Generally, before a trial court in a dissolution action orders a sale of marital property, it must find that the property cannot be divided in kind and that the sale would be in the best interest of one or both of the parties. Further, such findings must be supported by the evidence. Breda v. Breda, 788 S.W.2d 769, 771[3] (Mo.App.1990); Parker v. Parker, 744 S.W.2d 469, 471[4] (Mo.App.1987); In re Marriage of Wilson, 727 S.W.2d 226, 227[1] (Mo.App.1987); Swinford v. Swinford, 682 S.W.2d 189,191[3] (Mo.App.1984).

In Parker, citing Swinford, the court said, at 471:

“[A] trial court has no jurisdiction to order property sold in a marriage dissolution case until the court first divides the property and vests ownership in one party or the other, or in the parties in definite proportions. The rule implements the directive of the statute which requires the court to make a division of property exercising its judgment to determine from the evidence what division will be just. Only after the court has made that proportional allocation may the necessity for a sale be considered.... An order for sale is not appropriately used as a tool to force an agreement between contesting spouses or as a means for the court to avoid a particularized division of marital property.”
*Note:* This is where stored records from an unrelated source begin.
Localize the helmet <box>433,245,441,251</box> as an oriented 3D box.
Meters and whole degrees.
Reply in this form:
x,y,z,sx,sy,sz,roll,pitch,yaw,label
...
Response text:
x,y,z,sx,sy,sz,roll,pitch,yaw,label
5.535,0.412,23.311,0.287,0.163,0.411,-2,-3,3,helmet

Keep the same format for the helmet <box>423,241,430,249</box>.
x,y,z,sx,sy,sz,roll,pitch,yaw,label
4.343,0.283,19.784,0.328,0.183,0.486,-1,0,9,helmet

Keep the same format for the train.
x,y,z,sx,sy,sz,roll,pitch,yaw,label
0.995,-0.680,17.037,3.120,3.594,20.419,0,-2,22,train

The court, in Parker, also pointed out, at 471, that, generally, marital personal property, such as motor vehicles, appliances and household goods, should be divided in kind because a public sale would not be in the best interests of either party.
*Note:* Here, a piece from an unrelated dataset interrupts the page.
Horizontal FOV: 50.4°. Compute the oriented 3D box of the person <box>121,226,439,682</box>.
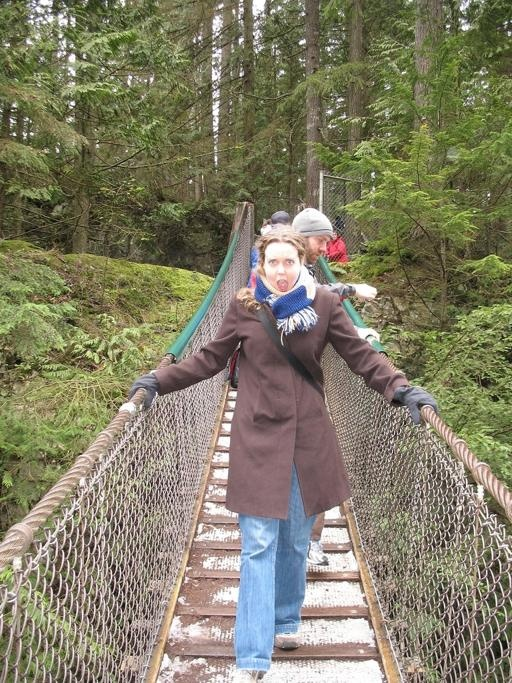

“Although courts can order marital property sold and the equity therein divided, caution should be exercised in forcing liquidation of income-producing property.” Wilson, at 227[2], With respect to real estate, the court in Wilson said, at 228: “If necessary, an amount in cash, perhaps by periodic payments, could be awarded to one of the parties in lieu of a portion of the real estate, if it cannot be divided and is awarded to the other party intact.”

The portions of the judgment which dissolved the marriage of Danny L. Hummer and Vickie Hummer and denied maintenance to either party are affirmed; in all other respects the judgment is reversed and the cause remanded for new trial.

SHRUM, C.J., and MONTGOMERY, J., concurs.

. All references to rules are to Missouri Rules of Court, V.A.M.R., and all references to statutes are to RSMo 1986, V.A.M.S.

. The excepted items were a gun cabinet, which was awarded to Danny, and "personal belongings and mementos,” which were awarded to Vickie. Neither side questions those awards.